Saturday, October 1, 2016

"One more impediment to getting a worthwhile project done"

A final horror story posted in response to Patricia Aufderheide’s essay, “Does This Have to Go Through the IRB?."


Brian Abel Ragen writes,


Eventually you will probably find a reasonable person to stop the nonsense. That was my experience when one of my graduate students was told that his plan to interview a writer for the New York Review of Books meant he was using “human subjects” and therefore needed to submit his thesis proposal to the IRB after filling out all the appropriate forms and applications. A student asking a professional literary critic why he had championed the reputation of a certain novelist was, quite rightly, seen as an interaction WITH a fellow human being, not research ON a human subject. But that should have been obvious from the beginning.

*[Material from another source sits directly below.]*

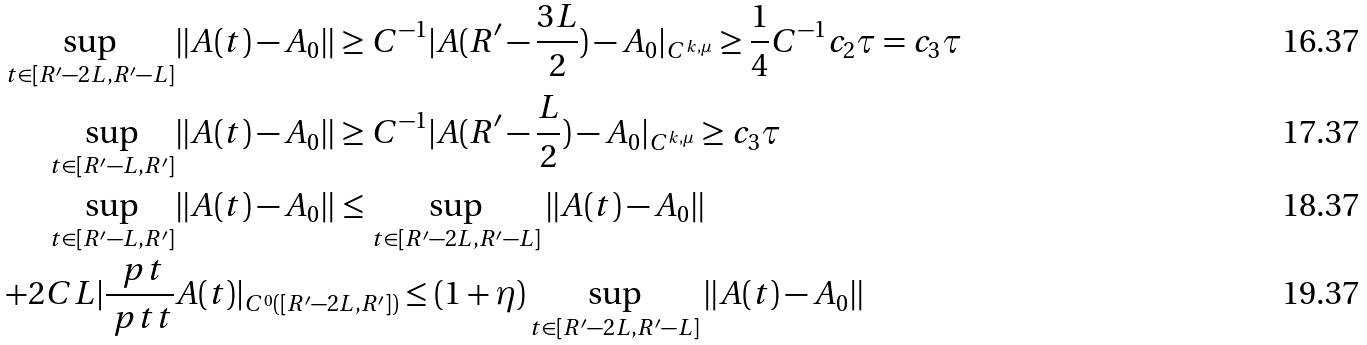<formula> <loc_0><loc_0><loc_500><loc_500>\sup _ { t \in [ R ^ { \prime } - 2 L , R ^ { \prime } - L ] } & \| A ( t ) - A _ { 0 } \| \geq C ^ { - 1 } | A ( R ^ { \prime } - \frac { 3 L } { 2 } ) - A _ { 0 } | _ { C ^ { k , \mu } } \geq \frac { 1 } { 4 } C ^ { - 1 } c _ { 2 } \tau = c _ { 3 } \tau \\ \sup _ { t \in [ R ^ { \prime } - L , R ^ { \prime } ] } & \| A ( t ) - A _ { 0 } \| \geq C ^ { - 1 } | A ( R ^ { \prime } - \frac { L } { 2 } ) - A _ { 0 } | _ { C ^ { k , \mu } } \geq c _ { 3 } \tau \\ \sup _ { t \in [ R ^ { \prime } - L , R ^ { \prime } ] } & \| A ( t ) - A _ { 0 } \| \leq \sup _ { t \in [ R ^ { \prime } - 2 L , R ^ { \prime } - L ] } \| A ( t ) - A _ { 0 } \| \\ \quad + 2 C L | \frac { \ p t } { \ p t t } & A ( t ) | _ { C ^ { 0 } ( [ R ^ { \prime } - 2 L , R ^ { \prime } ] ) } \leq ( 1 + \eta ) \sup _ { t \in [ R ^ { \prime } - 2 L , R ^ { \prime } - L ] } \| A ( t ) - A _ { 0 } \|</formula>

What the whole process did for me as an English professor and my student in the humanities was to create just one more impediment to getting a worthwhile project done—this new obstacle laced with fear of getting in trouble with the Federal government if we made a mistake. It also protected a writer from hearing from someone who admired his work and wanted to explore it with him for a few weeks. So I would say that the limits of the IRB’s powers need to be more clearly drawn, so as to remove one more hazard from the already obstacle-strewn path to completing a degree or a research project. I won’t say that i can’t imagine projects in literary studies that don’t involve using people as actual “human subjects,” but I think the default assumption should be that any project that involves neither deception nor asking the interlocutor to do anything but talk about something is beyond the scope of an IRB.


An IRB need not block a project to discourage curiosity.